───── DATA FOR REVIEW

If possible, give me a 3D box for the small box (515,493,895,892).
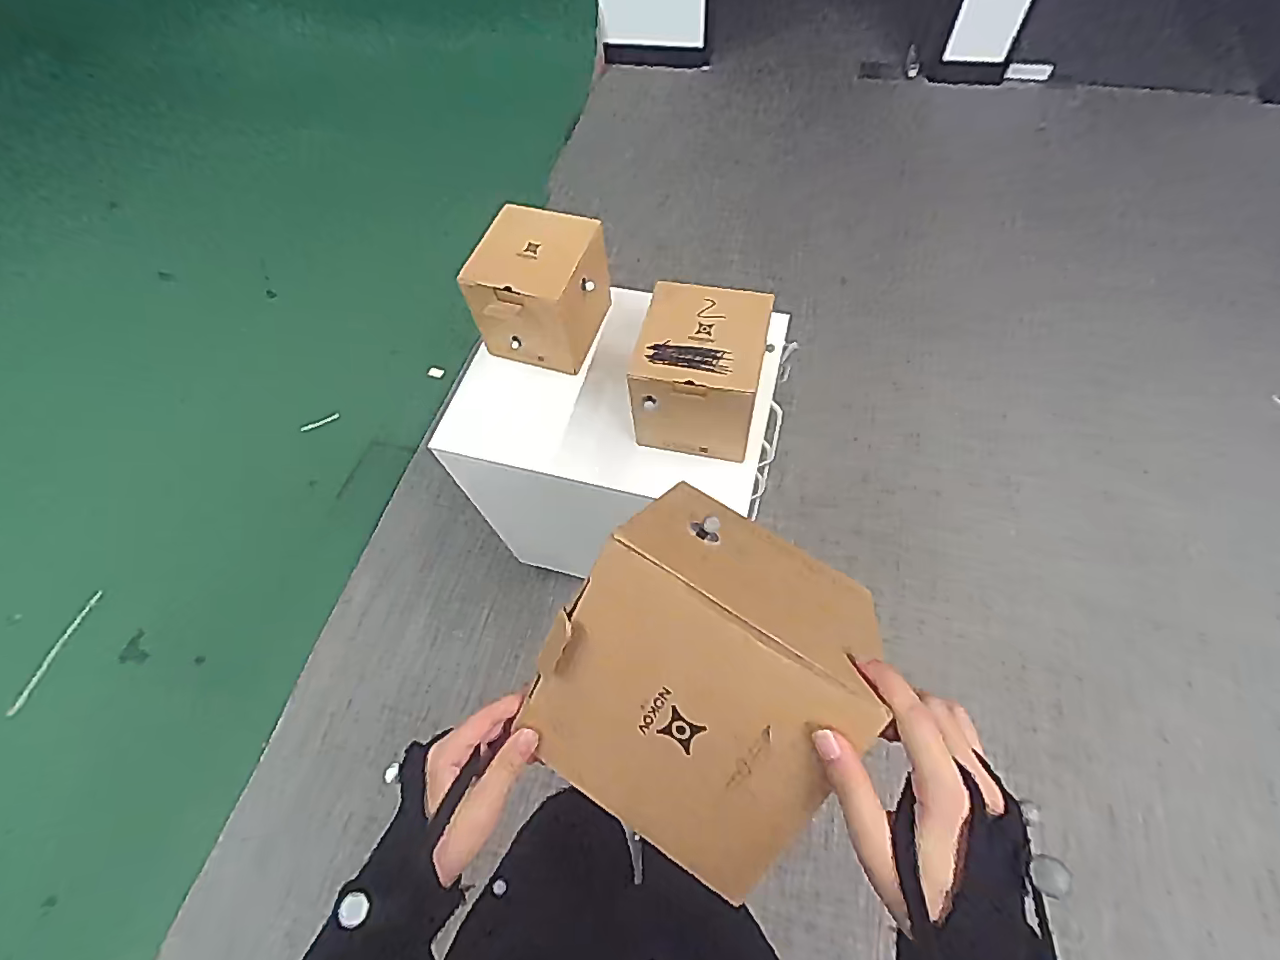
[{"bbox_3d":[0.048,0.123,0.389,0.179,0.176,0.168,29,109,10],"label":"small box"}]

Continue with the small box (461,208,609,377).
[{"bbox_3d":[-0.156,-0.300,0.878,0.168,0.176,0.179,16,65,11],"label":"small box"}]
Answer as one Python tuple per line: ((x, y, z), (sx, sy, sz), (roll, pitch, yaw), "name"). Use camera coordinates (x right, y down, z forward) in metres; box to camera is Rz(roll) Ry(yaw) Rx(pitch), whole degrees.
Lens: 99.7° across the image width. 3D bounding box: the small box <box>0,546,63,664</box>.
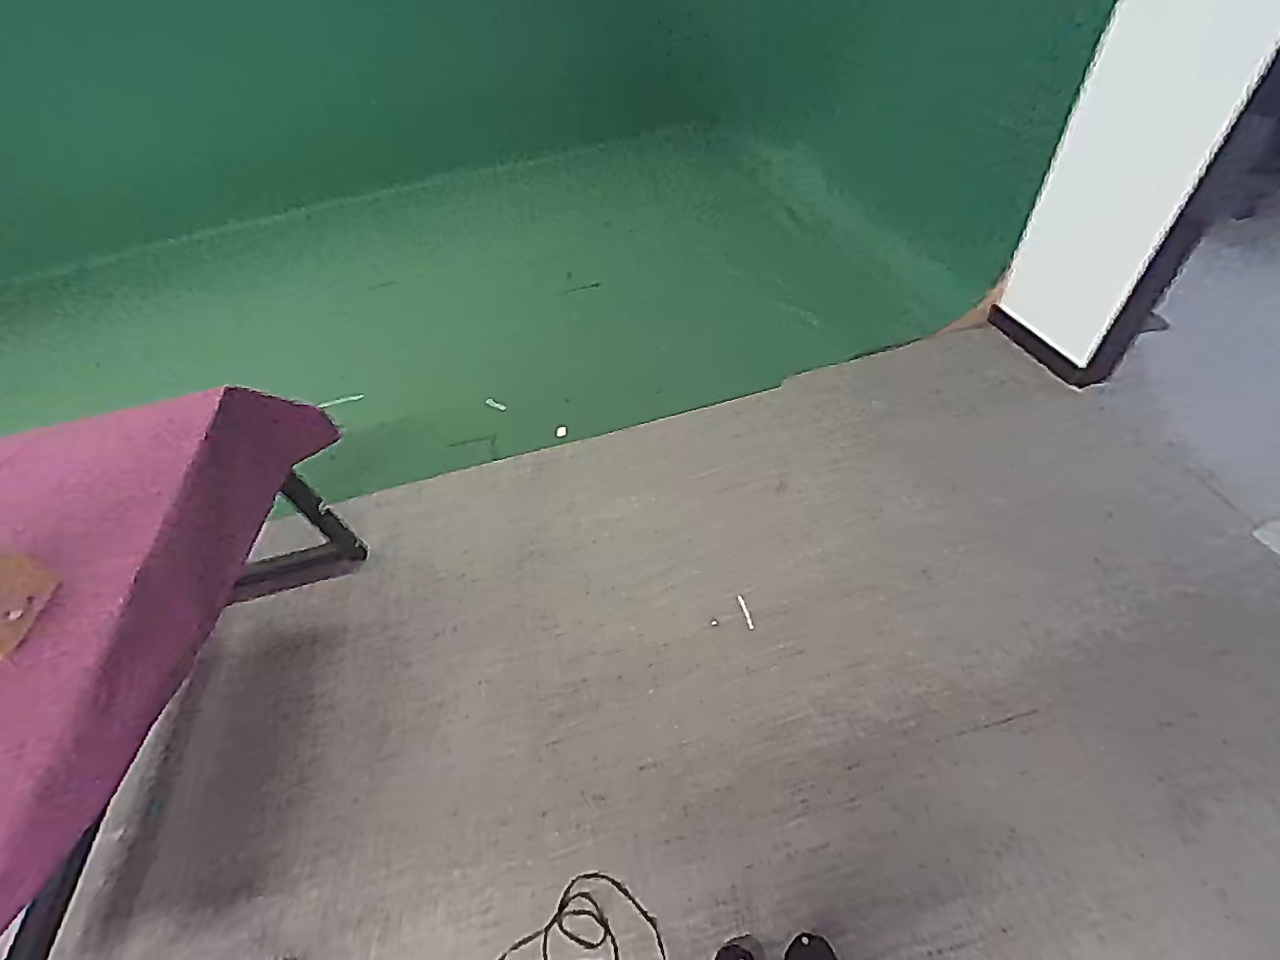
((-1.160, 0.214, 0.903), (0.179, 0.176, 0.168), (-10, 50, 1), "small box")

──────────
───── DATA FOR REVIEW

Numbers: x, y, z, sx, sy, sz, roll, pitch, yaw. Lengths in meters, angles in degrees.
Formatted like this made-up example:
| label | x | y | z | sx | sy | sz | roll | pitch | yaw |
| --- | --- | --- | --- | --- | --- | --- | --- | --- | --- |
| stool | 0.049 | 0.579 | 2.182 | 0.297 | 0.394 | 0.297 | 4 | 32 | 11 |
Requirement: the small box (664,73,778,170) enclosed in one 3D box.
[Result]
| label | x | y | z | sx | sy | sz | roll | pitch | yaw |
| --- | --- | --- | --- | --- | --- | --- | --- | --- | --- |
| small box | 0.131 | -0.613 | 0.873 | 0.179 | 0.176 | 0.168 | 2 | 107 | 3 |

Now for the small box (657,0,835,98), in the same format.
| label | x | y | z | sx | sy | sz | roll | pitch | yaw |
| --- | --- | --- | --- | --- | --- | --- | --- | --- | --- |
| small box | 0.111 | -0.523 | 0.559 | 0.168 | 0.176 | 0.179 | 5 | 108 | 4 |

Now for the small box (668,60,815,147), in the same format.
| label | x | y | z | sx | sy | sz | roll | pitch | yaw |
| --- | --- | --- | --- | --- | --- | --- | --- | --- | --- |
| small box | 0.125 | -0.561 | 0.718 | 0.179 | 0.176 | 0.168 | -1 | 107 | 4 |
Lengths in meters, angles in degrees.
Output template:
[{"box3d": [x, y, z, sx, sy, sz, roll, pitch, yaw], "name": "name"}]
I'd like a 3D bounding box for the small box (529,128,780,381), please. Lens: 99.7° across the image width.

──────────
───── DATA FOR REVIEW

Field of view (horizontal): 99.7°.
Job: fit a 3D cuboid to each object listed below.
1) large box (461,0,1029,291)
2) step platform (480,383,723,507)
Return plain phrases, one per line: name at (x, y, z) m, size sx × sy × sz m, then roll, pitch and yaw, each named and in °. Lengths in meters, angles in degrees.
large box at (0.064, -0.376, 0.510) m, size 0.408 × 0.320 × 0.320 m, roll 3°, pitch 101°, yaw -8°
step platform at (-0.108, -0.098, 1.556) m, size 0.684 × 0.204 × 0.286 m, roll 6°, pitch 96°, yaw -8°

──────────

» PROBLEM TO SOLVE
From the records above, pull every line that carries the word "like".

» TASK RESULT
Formatted like this made-up example:
I'd like a 3D bounding box for the small box (529,128,780,381), please. Lens: 99.7° across the image width.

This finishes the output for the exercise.